Praxishandbuch Influenza : Der schnelle Blick

Ein Buch verrät, wie man Grippe frühzeitig erkennt

Auch Ärzte unterschätzen die Gefahr: Die „echte Grippe“ ist heute noch die gefährlichste Atemwegserkrankung und die Virusinfektion mit den meisten und heftigsten Komplikationen. Während der jährlichen Epidemien sterben weltweit bis zu einer halben Million Menschen an der Influenza. Laut Robert-Koch-Institut gab es im Winter 2002/2003 in Deutschland rund 15 000 Todesopfer.

Falsch ist die Vorstellung, nur bei Menschen mit Risikofaktoren, Alten und chronisch Kranken könne es zu einem schweren Krankheitsverlauf kommen. Der Münchner Internist Georg Vogel sieht in diesem Fehlurteil einen Grund, warum die Grippeschutzimpfung „völlig unzureichend genutzt“ wird. Höchst gefährlich seien Vorstellungen nach dem Motto, dass Infektionen „natürlich durchlaufen“ werden sollten, weil sie die Körperabwehr stärkten.

Vogels „Praxishandbuch Influenza“ richtet sich vor allem an Allgemeinmediziner, denen nicht selten grundlegendes Wissen zu fehlen scheint. Es ist aber auch für Laien nicht nur verständlich geschrieben, sondern bietet auch Tipps, mit denen der Patient seinen Hausarzt „unterstützen“ kann. Die zentrale Botschaft: Es gibt einen – viel zu wenig bekannten und angewandten – Schnelltest und antivirale Medikamente, mit denen lebensbedrohliche Krankheitsverläufe ebenso vermieden werden können wie Spätschäden.
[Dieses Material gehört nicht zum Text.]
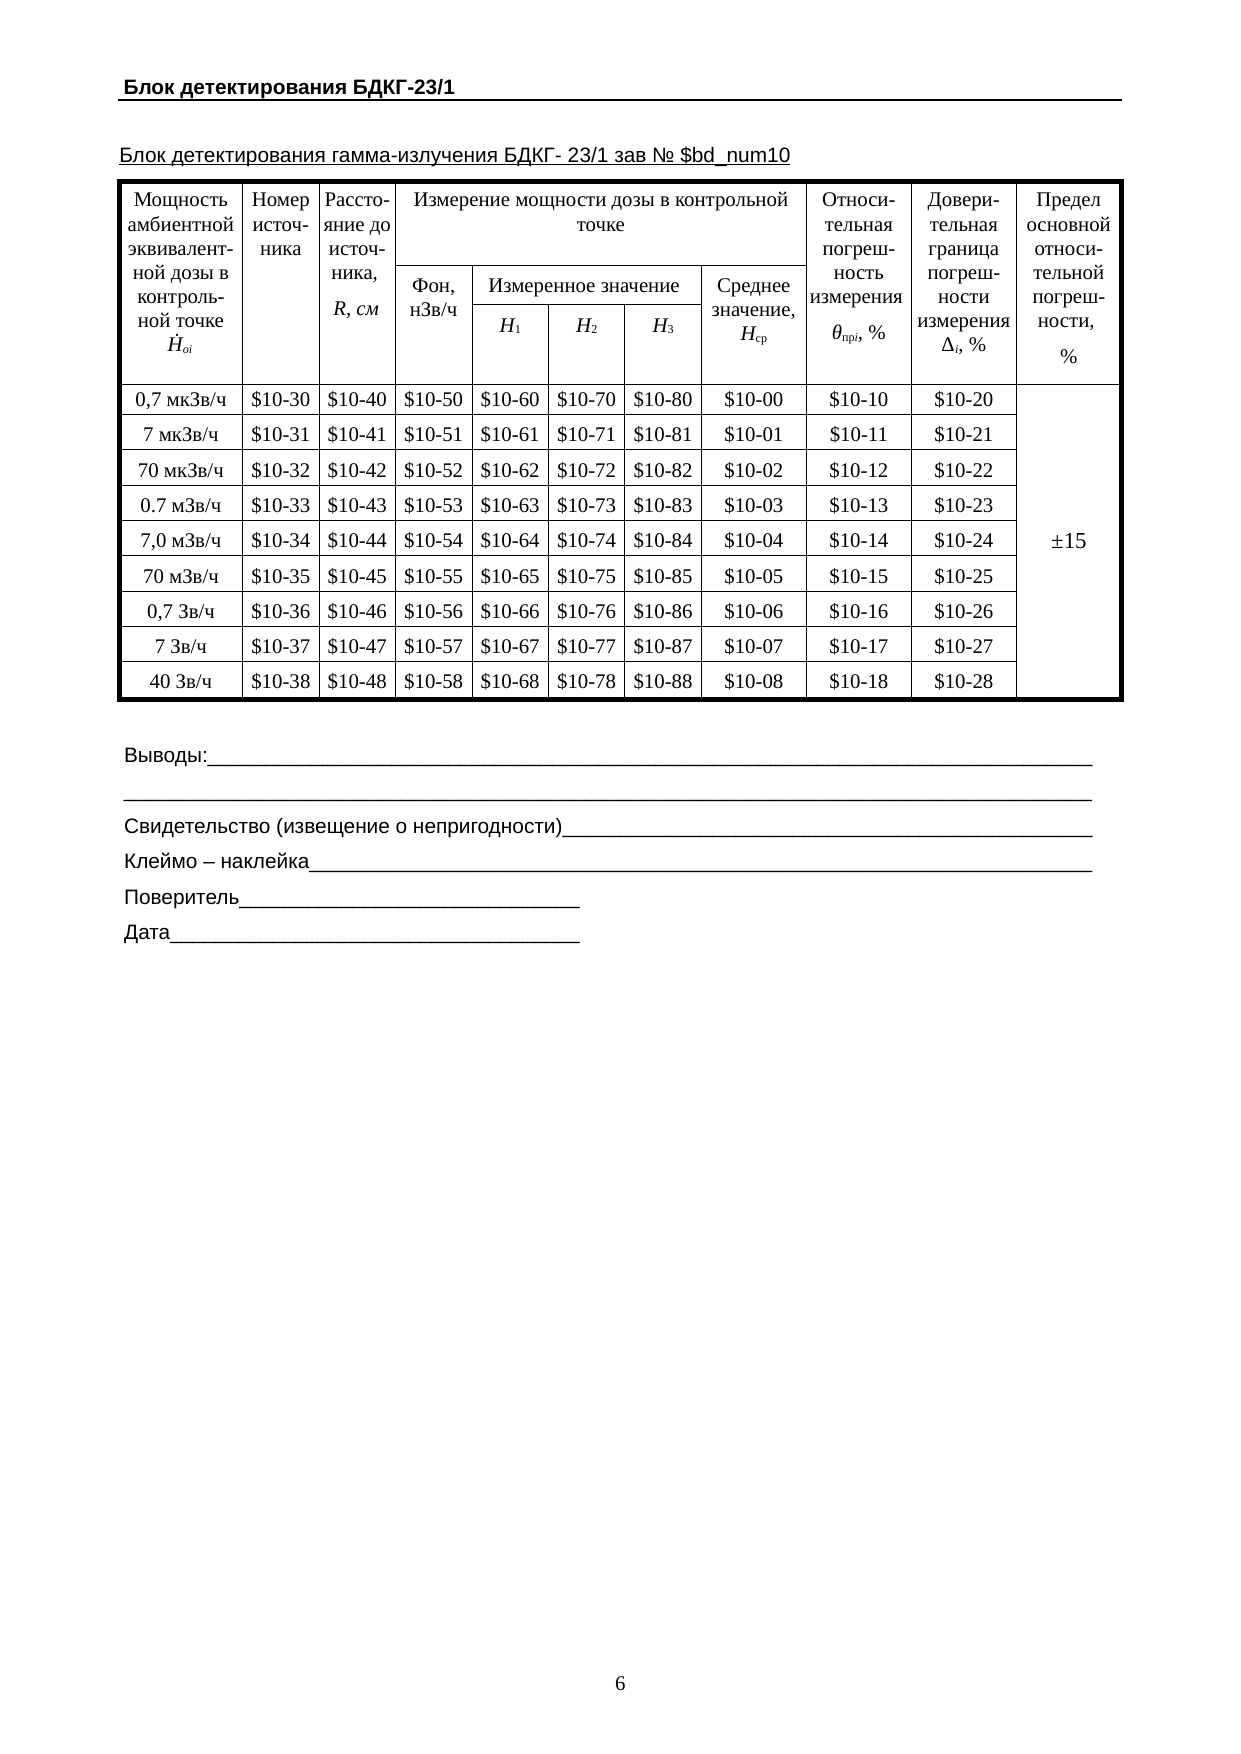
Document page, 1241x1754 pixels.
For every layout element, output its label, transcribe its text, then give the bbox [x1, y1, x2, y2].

Der erfahrene Professor mit eigener Arztpraxis weist darauf hin, dass die „Blickdiagnose“ in Vergessenheit geraten ist. Das Buch zeigt Zeichnungen und Fotos vom „Grippegesicht“, das erste, deutliche Hinweise biete, dass es sich eben nicht um eine banale Erkältung handelt. Deshalb verbiete sich für den Arzt eine telefonische Diagnose. Weitere Unterschiede: Bei Grippe treten Unwohlsein und Abgeschlagenheit „wie aus dem Nichts“ auf. Die Krankheit ist meist mit hohem Fieber, Frösteln oder Schweißausbrüchen, Muskel- und starken Kopfschmerzen verbunden. Die Patienten sind häufig licht- und geräuschempfindlich. Dagegen tritt Schnupfen – anders als bei der Erkältung – nur selten und milde auf.

Der Schnelltest ist einfach anzuwenden und das Ergebnis liegt innerhalb einer Viertelstunde vor. Er ist zwar nicht hundertprozentig sicher, hat aber große Vorteile. Nur in den ersten ein bis zwei Tagen hilft nämlich die antivirale Therapie. Ferner fordert Vogel, sehr frühzeitig einen Labortest auf eine bakterielle Superinfektion zu machen – letztlich würden dadurch überflüssige Antibiotika-Einnahmen verringert. (jew)

Georg E. Vogel, Praxishandbuch Influenza – verstehen, vorbeugen, erkennen und behandeln, Thieme Verlag 2008, 120 Seiten, 4,95 Euro.